(GIVEN RECORDS begins)

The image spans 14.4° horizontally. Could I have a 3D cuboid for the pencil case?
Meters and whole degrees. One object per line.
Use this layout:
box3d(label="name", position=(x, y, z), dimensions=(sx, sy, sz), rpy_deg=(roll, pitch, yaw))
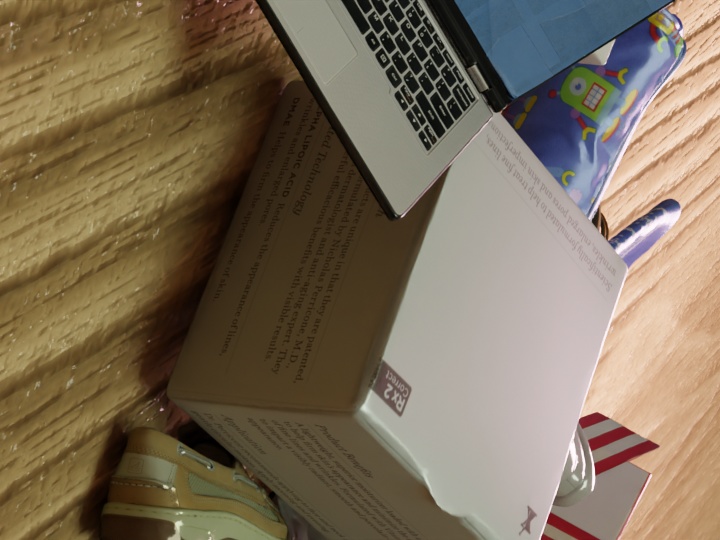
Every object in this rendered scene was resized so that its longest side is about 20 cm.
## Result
box3d(label="pencil case", position=(0.124, -0.080, 1.713), dimensions=(0.201, 0.086, 0.078), rpy_deg=(-62, 173, -1))

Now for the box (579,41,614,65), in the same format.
box3d(label="box", position=(0.113, -0.239, 1.658), dimensions=(0.124, 0.097, 0.201), rpy_deg=(41, 67, -47))

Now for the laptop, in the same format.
box3d(label="laptop", position=(0.048, -0.163, 1.402), dimensions=(0.188, 0.116, 0.200), rpy_deg=(58, 36, -11))

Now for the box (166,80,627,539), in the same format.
box3d(label="box", position=(0.025, 0.032, 1.546), dimensions=(0.199, 0.130, 0.201), rpy_deg=(46, 57, -46))

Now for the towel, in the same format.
box3d(label="towel", position=(0.123, 0.029, 1.845), dimensions=(0.145, 0.024, 0.200), rpy_deg=(-46, 172, 38))

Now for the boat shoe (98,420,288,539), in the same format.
box3d(label="boat shoe", position=(-0.082, 0.119, 1.551), dimensions=(0.200, 0.071, 0.077), rpy_deg=(35, 59, -75))

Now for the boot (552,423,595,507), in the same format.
box3d(label="boot", position=(0.067, 0.064, 1.702), dimensions=(0.073, 0.200, 0.096), rpy_deg=(-37, 136, 2))

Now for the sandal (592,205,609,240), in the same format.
box3d(label="sandal", position=(0.141, -0.019, 2.013), dimensions=(0.082, 0.054, 0.200), rpy_deg=(-52, -171, -1))

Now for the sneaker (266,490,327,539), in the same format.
box3d(label="sneaker", position=(-0.044, 0.236, 1.661), dimensions=(0.079, 0.200, 0.130), rpy_deg=(6, 141, -35))

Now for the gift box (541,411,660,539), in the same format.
box3d(label="gift box", position=(0.094, 0.190, 1.912), dimensions=(0.187, 0.199, 0.185), rpy_deg=(104, 10, -59))
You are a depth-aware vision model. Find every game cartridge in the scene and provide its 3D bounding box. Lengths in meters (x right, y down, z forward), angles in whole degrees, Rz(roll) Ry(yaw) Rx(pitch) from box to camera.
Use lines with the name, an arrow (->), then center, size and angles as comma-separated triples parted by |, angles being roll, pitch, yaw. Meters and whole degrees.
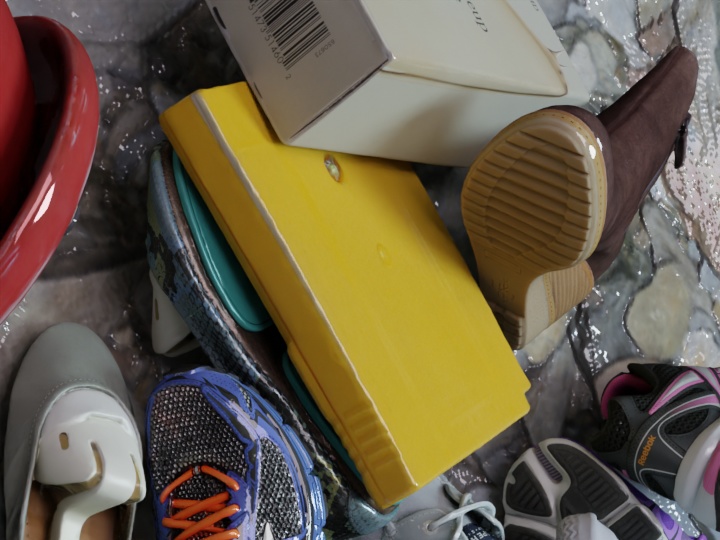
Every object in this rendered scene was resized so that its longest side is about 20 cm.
game cartridge -> 0.000, 0.000, 0.978 | 0.200, 0.032, 0.176 | 62, 25, 3

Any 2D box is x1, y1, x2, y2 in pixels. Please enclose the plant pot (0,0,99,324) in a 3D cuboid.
plant pot -> -0.213, -0.059, 0.761 | 0.182, 0.200, 0.201 | 39, 52, -35

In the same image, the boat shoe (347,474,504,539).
boat shoe -> 0.044, 0.137, 0.989 | 0.070, 0.071, 0.201 | -34, 98, -43

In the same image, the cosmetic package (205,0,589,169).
cosmetic package -> 0.020, -0.112, 1.010 | 0.200, 0.073, 0.104 | 0, 58, -58

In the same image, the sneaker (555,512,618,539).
sneaker -> 0.168, 0.191, 1.016 | 0.075, 0.115, 0.200 | -83, 154, -61

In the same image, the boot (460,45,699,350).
boot -> 0.120, -0.063, 1.056 | 0.072, 0.200, 0.166 | 32, 63, 13

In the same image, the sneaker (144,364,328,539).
sneaker -> -0.055, 0.138, 0.882 | 0.078, 0.075, 0.200 | 0, 76, -66

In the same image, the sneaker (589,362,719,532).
sneaker -> 0.173, 0.074, 1.097 | 0.080, 0.086, 0.200 | -68, 166, 7

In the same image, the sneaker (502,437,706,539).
sneaker -> 0.149, 0.159, 1.088 | 0.200, 0.081, 0.083 | 46, 23, -15

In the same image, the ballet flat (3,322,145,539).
ballet flat -> -0.116, 0.111, 0.867 | 0.067, 0.064, 0.200 | 23, 60, -33

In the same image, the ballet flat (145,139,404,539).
ballet flat -> -0.056, 0.038, 0.940 | 0.074, 0.074, 0.200 | -28, 86, -43
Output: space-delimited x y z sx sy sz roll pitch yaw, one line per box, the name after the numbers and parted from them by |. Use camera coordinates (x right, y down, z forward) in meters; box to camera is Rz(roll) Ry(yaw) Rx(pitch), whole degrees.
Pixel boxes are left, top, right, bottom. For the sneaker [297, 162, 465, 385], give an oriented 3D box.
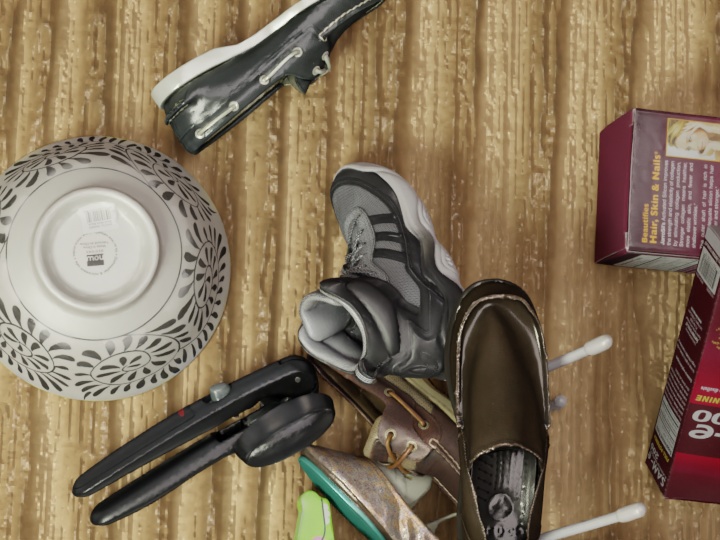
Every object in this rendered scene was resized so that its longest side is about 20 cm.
0.000 0.000 1.168 0.113 0.076 0.200 -8 51 -30 | sneaker

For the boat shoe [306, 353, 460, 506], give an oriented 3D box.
0.033 0.118 1.175 0.072 0.072 0.200 -29 65 -21 | boat shoe

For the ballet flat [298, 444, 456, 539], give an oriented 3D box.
0.039 0.189 1.194 0.067 0.068 0.200 -41 89 -16 | ballet flat

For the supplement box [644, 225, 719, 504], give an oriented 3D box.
0.291 0.075 1.209 0.108 0.061 0.201 7 111 -7 | supplement box

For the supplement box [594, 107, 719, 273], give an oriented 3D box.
0.288 -0.054 1.257 0.199 0.086 0.111 5 82 -8 | supplement box

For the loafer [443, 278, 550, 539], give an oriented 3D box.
0.100 0.105 1.088 0.073 0.071 0.201 -4 90 -7 | loafer

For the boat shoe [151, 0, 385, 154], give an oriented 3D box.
-0.059 -0.158 1.228 0.199 0.076 0.061 -31 87 0 | boat shoe

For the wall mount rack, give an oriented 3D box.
0.140 0.133 1.153 0.074 0.174 0.201 -8 72 -5 | wall mount rack

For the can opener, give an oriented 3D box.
-0.117 0.122 1.181 0.199 0.079 0.064 -23 102 -2 | can opener

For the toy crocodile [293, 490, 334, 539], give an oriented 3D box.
-0.031 0.260 1.173 0.061 0.068 0.201 -5 83 -9 | toy crocodile

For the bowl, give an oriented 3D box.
-0.189 -0.008 1.172 0.199 0.094 0.202 1 82 -10 | bowl
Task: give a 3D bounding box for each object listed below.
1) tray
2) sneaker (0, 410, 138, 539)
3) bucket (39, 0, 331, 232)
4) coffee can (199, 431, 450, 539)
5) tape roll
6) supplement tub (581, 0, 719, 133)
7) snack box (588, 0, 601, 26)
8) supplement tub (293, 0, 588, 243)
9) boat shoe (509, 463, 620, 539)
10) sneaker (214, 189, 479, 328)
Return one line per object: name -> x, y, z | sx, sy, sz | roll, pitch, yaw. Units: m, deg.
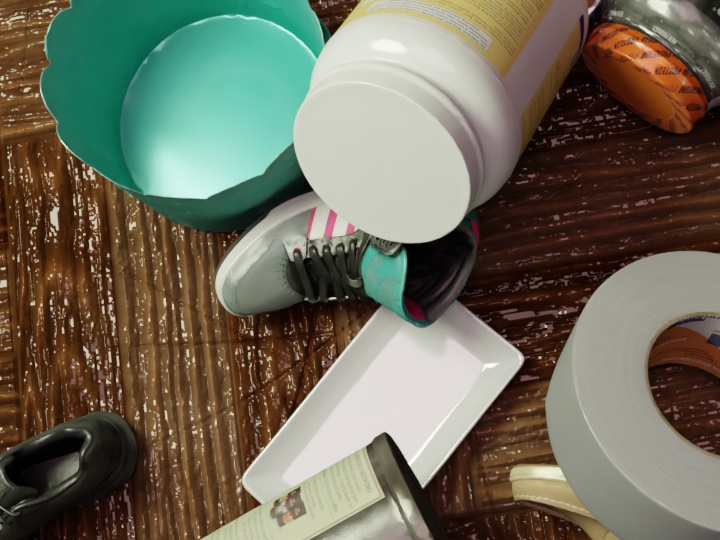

(GIVEN RECORDS ends)

• WORK ORDER:
Repeat all of the entries above word for word and omit the pictures.

• ANSWER TO THE PROBLEM:
The image spans 14.4° horizontally. Could I have a 3D cuboid for the pencil case?
Meters and whole degrees. One object per line.
Use this layout:
box3d(label="name", position=(x, y, z), dimensions=(sx, sy, sz), rpy_deg=(roll, pitch, yaw))
Every object in this rendered scene was resized so that its longest side is about 20 cm.
## Result
box3d(label="pencil case", position=(0.124, -0.080, 1.713), dimensions=(0.201, 0.086, 0.078), rpy_deg=(-62, 173, -1))

Now for the box (579,41,614,65), in the same format.
box3d(label="box", position=(0.113, -0.239, 1.658), dimensions=(0.124, 0.097, 0.201), rpy_deg=(41, 67, -47))

Now for the laptop, in the same format.
box3d(label="laptop", position=(0.048, -0.163, 1.402), dimensions=(0.188, 0.116, 0.200), rpy_deg=(58, 36, -11))

Now for the box (166,80,627,539), in the same format.
box3d(label="box", position=(0.025, 0.032, 1.546), dimensions=(0.199, 0.130, 0.201), rpy_deg=(46, 57, -46))

Now for the towel, in the same format.
box3d(label="towel", position=(0.123, 0.029, 1.845), dimensions=(0.145, 0.024, 0.200), rpy_deg=(-46, 172, 38))

Now for the boat shoe (98,420,288,539), in the same format.
box3d(label="boat shoe", position=(-0.082, 0.119, 1.551), dimensions=(0.200, 0.071, 0.077), rpy_deg=(35, 59, -75))

Now for the boot (552,423,595,507), in the same format.
box3d(label="boot", position=(0.067, 0.064, 1.702), dimensions=(0.073, 0.200, 0.096), rpy_deg=(-37, 136, 2))

Now for the sandal (592,205,609,240), in the same format.
box3d(label="sandal", position=(0.141, -0.019, 2.013), dimensions=(0.082, 0.054, 0.200), rpy_deg=(-52, -171, -1))

Now for the sneaker (266,490,327,539), in the same format.
box3d(label="sneaker", position=(-0.044, 0.236, 1.661), dimensions=(0.079, 0.200, 0.130), rpy_deg=(6, 141, -35))

Now for the gift box (541,411,660,539), in the same format.
box3d(label="gift box", position=(0.094, 0.190, 1.912), dimensions=(0.187, 0.199, 0.185), rpy_deg=(104, 10, -59))
You are a depth-aware vision model. Find every game cartridge in the scene and provide its 3D bounding box. Lengths in meters (x right, y down, z forward), angles in whole degrees, Rz(roll) Ry(yaw) Rx(pitch) from box to camera.
Use lines with the name, an arrow (->), then center, size and angles as comma-separated triples parted by |, angles being roll, pitch, yaw. Meters and whole degrees.
Every object in this rendered scene was resized so that its longest side is about 20 cm.
game cartridge -> 0.000, 0.000, 0.978 | 0.200, 0.032, 0.176 | 62, 25, 3

Any 2D box is x1, y1, x2, y2 in pixels. Please enclose the plant pot (0,0,99,324) in a 3D cuboid.
plant pot -> -0.213, -0.059, 0.761 | 0.182, 0.200, 0.201 | 39, 52, -35

In the same image, the boat shoe (347,474,504,539).
boat shoe -> 0.044, 0.137, 0.989 | 0.070, 0.071, 0.201 | -34, 98, -43

In the same image, the cosmetic package (205,0,589,169).
cosmetic package -> 0.020, -0.112, 1.010 | 0.200, 0.073, 0.104 | 0, 58, -58

In the same image, the sneaker (555,512,618,539).
sneaker -> 0.168, 0.191, 1.016 | 0.075, 0.115, 0.200 | -83, 154, -61

In the same image, the boot (460,45,699,350).
boot -> 0.120, -0.063, 1.056 | 0.072, 0.200, 0.166 | 32, 63, 13

In the same image, the sneaker (144,364,328,539).
sneaker -> -0.055, 0.138, 0.882 | 0.078, 0.075, 0.200 | 0, 76, -66

In the same image, the sneaker (589,362,719,532).
sneaker -> 0.173, 0.074, 1.097 | 0.080, 0.086, 0.200 | -68, 166, 7

In the same image, the sneaker (502,437,706,539).
sneaker -> 0.149, 0.159, 1.088 | 0.200, 0.081, 0.083 | 46, 23, -15

In the same image, the ballet flat (3,322,145,539).
ballet flat -> -0.116, 0.111, 0.867 | 0.067, 0.064, 0.200 | 23, 60, -33

In the same image, the ballet flat (145,139,404,539).
ballet flat -> -0.056, 0.038, 0.940 | 0.074, 0.074, 0.200 | -28, 86, -43
Output: space-delimited x y z sx sy sz roll pitch yaw, one line per box, the name after the numbers and parted from them by |. Use camera coordinates (x right, y down, z forward) in meters; box to camera is Rz(roll) Ry(yaw) Rx(pitch), whole degrees.
Pixel boxes are left, top, right, bottom. For the sneaker [297, 162, 465, 385], give an oriented 3D box.
Every object in this rendered scene was resized so that its longest side is about 20 cm.
0.000 0.000 1.168 0.113 0.076 0.200 -8 51 -30 | sneaker

For the boat shoe [306, 353, 460, 506], give an oriented 3D box.
0.033 0.118 1.175 0.072 0.072 0.200 -29 65 -21 | boat shoe

For the ballet flat [298, 444, 456, 539], give an oriented 3D box.
0.039 0.189 1.194 0.067 0.068 0.200 -41 89 -16 | ballet flat

For the supplement box [644, 225, 719, 504], give an oriented 3D box.
0.291 0.075 1.209 0.108 0.061 0.201 7 111 -7 | supplement box

For the supplement box [594, 107, 719, 273], give an oriented 3D box.
0.288 -0.054 1.257 0.199 0.086 0.111 5 82 -8 | supplement box

For the loafer [443, 278, 550, 539], give an oriented 3D box.
0.100 0.105 1.088 0.073 0.071 0.201 -4 90 -7 | loafer

For the boat shoe [151, 0, 385, 154], give an oriented 3D box.
-0.059 -0.158 1.228 0.199 0.076 0.061 -31 87 0 | boat shoe

For the wall mount rack, give an oriented 3D box.
0.140 0.133 1.153 0.074 0.174 0.201 -8 72 -5 | wall mount rack

For the can opener, give an oriented 3D box.
-0.117 0.122 1.181 0.199 0.079 0.064 -23 102 -2 | can opener

For the toy crocodile [293, 490, 334, 539], give an oriented 3D box.
-0.031 0.260 1.173 0.061 0.068 0.201 -5 83 -9 | toy crocodile

For the bowl, give an oriented 3D box.
-0.189 -0.008 1.172 0.199 0.094 0.202 1 82 -10 | bowl
Task: give a 3D bounding box for each object listed below.
1) tray
2) sneaker (0, 410, 138, 539)
3) bucket (39, 0, 331, 232)
4) coffee can (199, 431, 450, 539)
5) tape roll
6) supplement tub (581, 0, 719, 133)
7) snack box (588, 0, 601, 26)
8) supplement tub (293, 0, 588, 243)
9) boat shoe (509, 463, 620, 539)
10) sneaker (214, 189, 479, 328)
Return one line per object: name -> x, y, z | sx, sy, sz | roll, pitch, yaw. Units: m, deg.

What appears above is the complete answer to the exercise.